Волосы, соль с перцем, взлохмачены и давно немыты, недельная щетина на подбородке. Голубые радужки глаз, контрастируя с воспалёнными белками, кажутся льдинами посреди огненного океана. Я вспомнила его квартиру. Она конечно тоже роскошна, но ей далеко до моего дома. Не хотелось бы разозлить его ещё больше.
– Это не мой дом, – отмахнулась я. – Откуда бы у меня взялись на него деньги?..
– И чей же? Твоего нового любовника? – он рассвирепел от своей догадки, и его лицо, налившись кровью, стало похоже на кусок мороженого мяса.

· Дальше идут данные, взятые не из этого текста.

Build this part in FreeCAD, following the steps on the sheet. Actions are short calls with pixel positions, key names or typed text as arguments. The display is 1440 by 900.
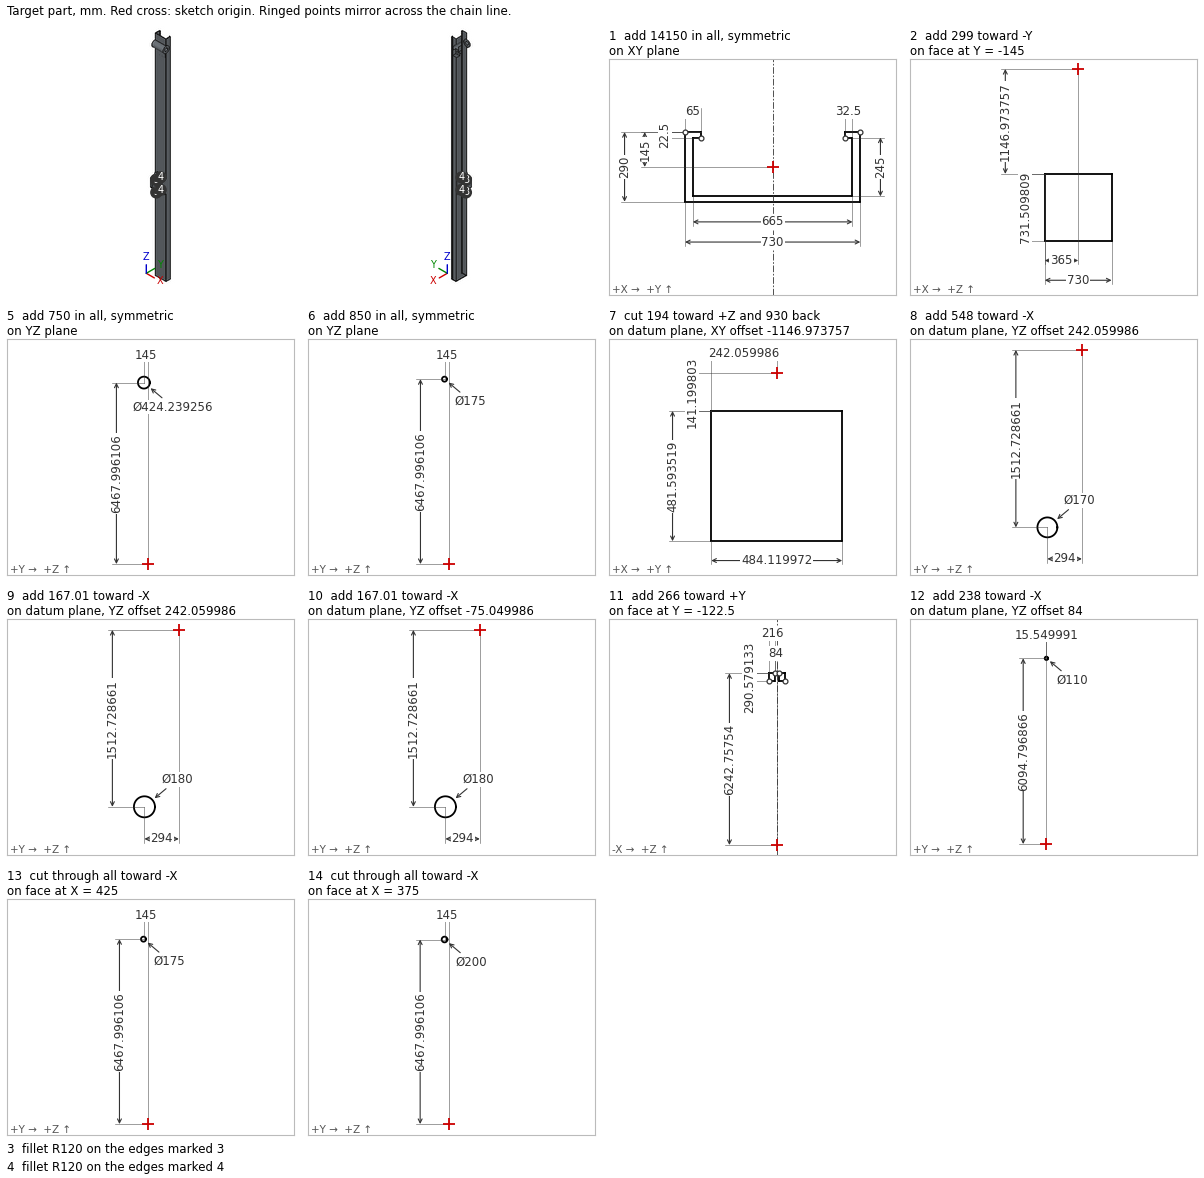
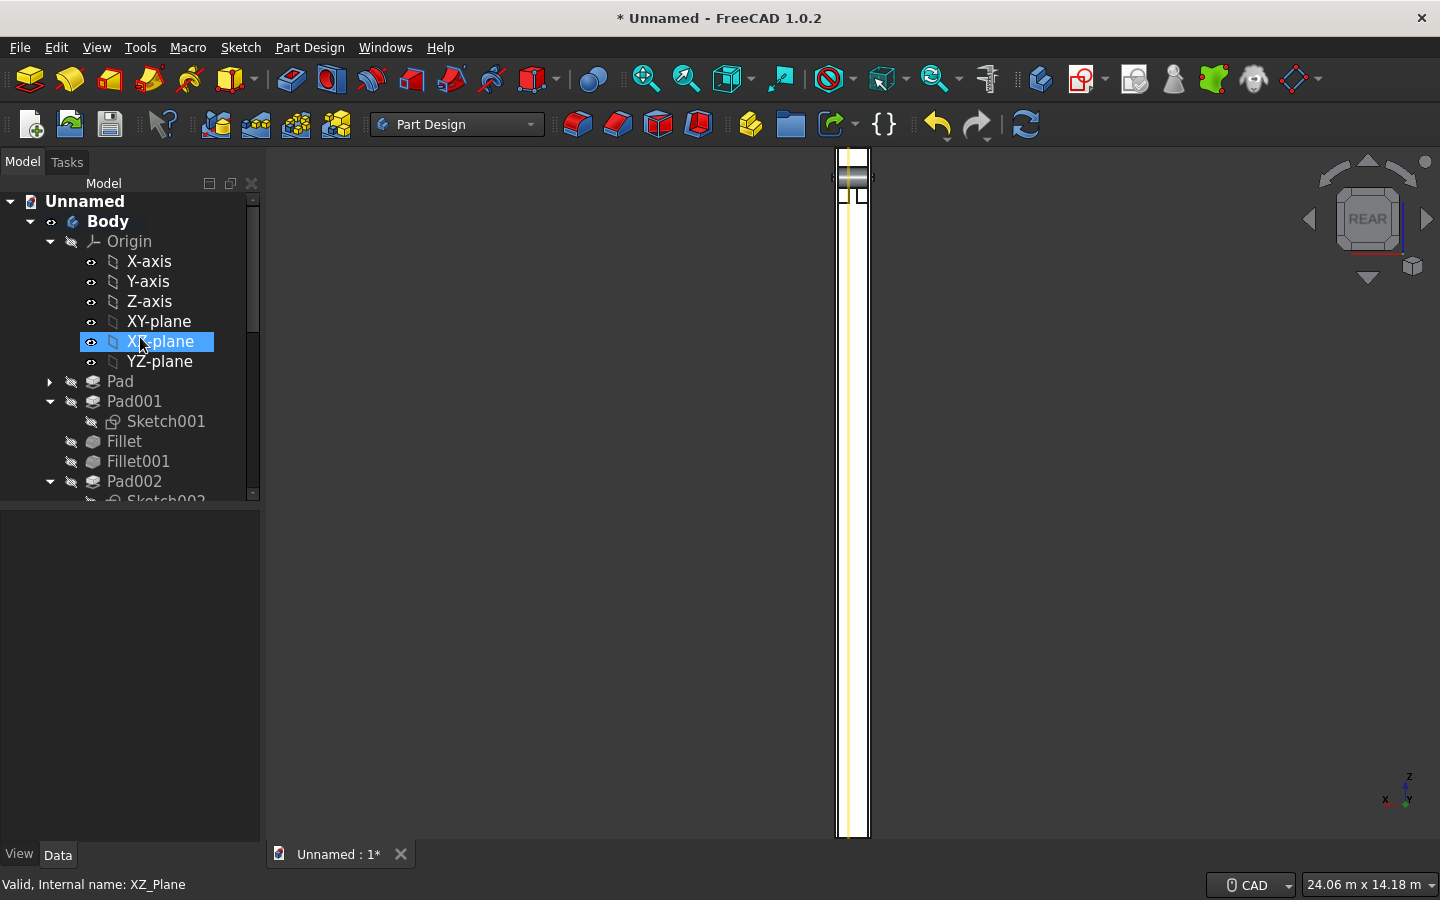
scroll(100, 337, down, 6)
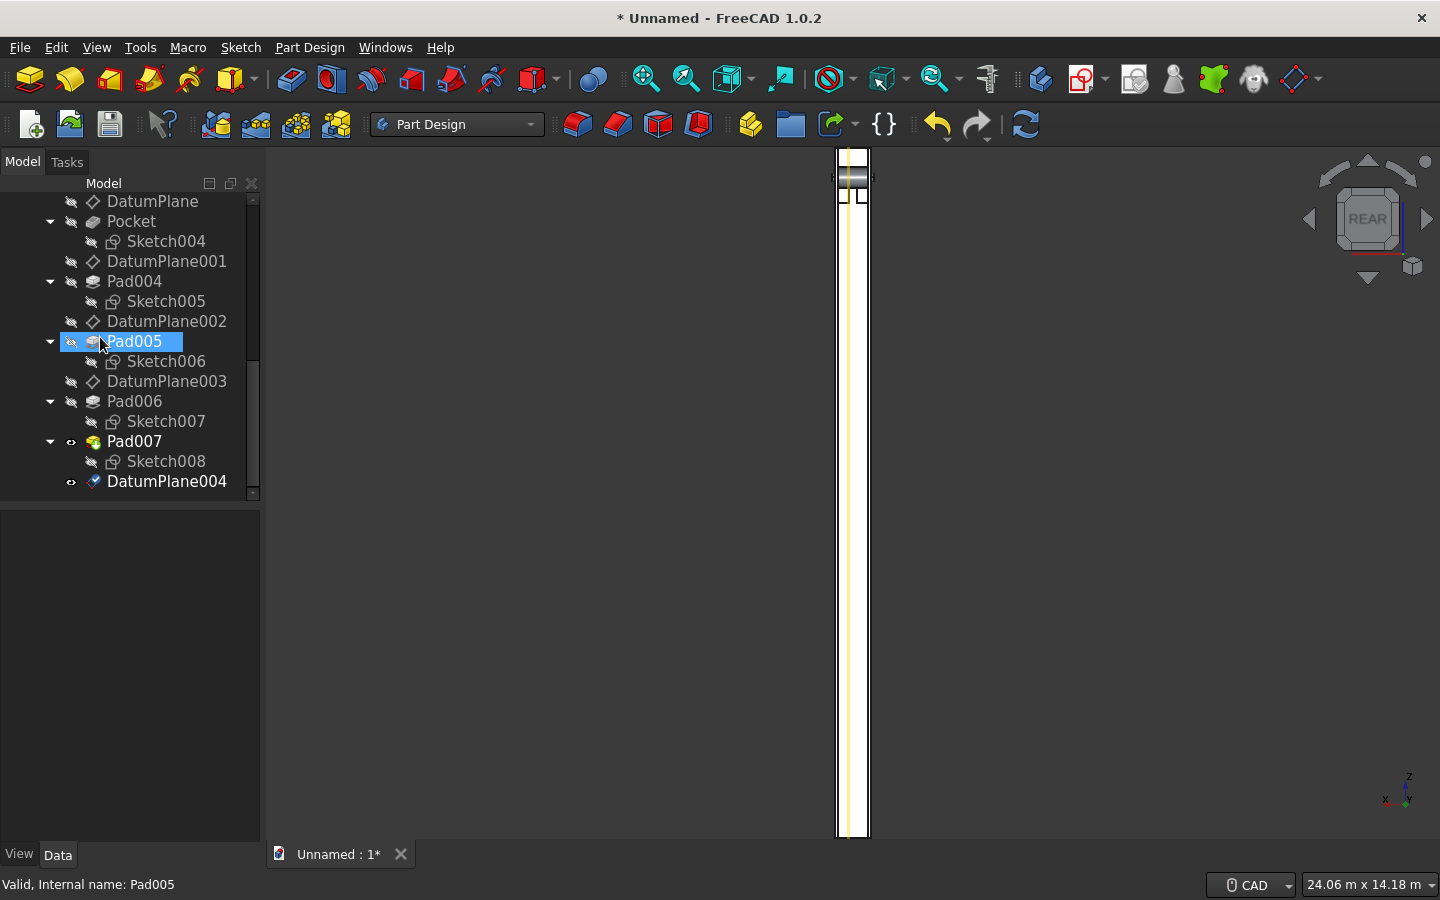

– Максим, – я позволила себе упрёк в голосе. – Посмотри, я вывихнула ногу. Моя начальница предложила пожить у неё, потому что здесь есть прислуга, которая ухаживает за мной.
– И где же она сама? Эта твоя начальница?
– Уехала в командировку в Брюссель.
– Врёшь! – рявкнул он. – Ты спрятала своего мужика!
– Пусть твои люди обыщут дом, они не найдут здесь ни одной мужской вещи. Если я скрыла мужчину, его вещи я не смогла бы спрятать так быстро, правда?
Максим застыл в нерешительности, сверля меня пьяными глазами. Наконец, его лицо смягчилось.
– Кто здесь ещё, кроме тебя?
– Только я и Марта, – я кивнула на горничную.
– Свободны, – бросил он своим прихвостням. – Приедете за мной завтра.
Я наконец могла дышать полной грудью. Кажется, он не собирается меня убивать. Как только за его янычарами захлопнулась дверь, Максим подошёл и навис надо мной огромной, плавно раскачивающейся горой.
– Я очень скучал по тебе, Катенька.
– Я тоже… скучала, – сказала я, подняв на него глаза.
Какое-то время мы разглядывали друг друга.
– Не нравится смотреть на меня пьяного? – спросил он.
– Я не люблю пьяных, говорила уже тебе об этом. Боюсь их.
– Ничего, Катюша. Сейчас я приду в себя, дай мне две минуты. Эй, – крикнул он забившейся в угол Марте, – сделай-ка мне кофе. И где тут у вас кухня?
Я проводила Максима в столовую. Он рухнул на стул, разбросал ноги, натужно сопя, начал шарить по карманам, недовольно бубнил себе под нос:
– Да где же… мать его… я что, в машине оставил? А, вот.
Он бросил на стол маленький пакетик, достал из бумажника кредитку. Пару минут я с каменным лицом наблюдала за этой отвратительной пьяной вознёй с порошком.
– Осуждаешь? – скривился он, будто кожей почувствовав мой презрительный взгляд.
– Ты взрослый человек, Максим. Тебе решать, что тебе делать со своей жизнью.
– Ну да, – невнятно промямлил он и поднял на меня подёрнутые розовой алкогольной влагой глаза. – Будешь?
– Нет.
– Давай, малышка. Хочу, чтобы мы были на одной волне.
– Нет, – повторила я тем же бесстрастным тоном. – И не называй меня малышкой, мне это не нравится.
Какое-то время он буравил моё солнечное сплетение невидящим тяжёлым взглядом, потом сморщился, оскалился:
– А я сказал, будешь. И без разговоров. Хватит строить из себя невесть что.
– Максим, ты не можешь заставлять меня принимать наркотики.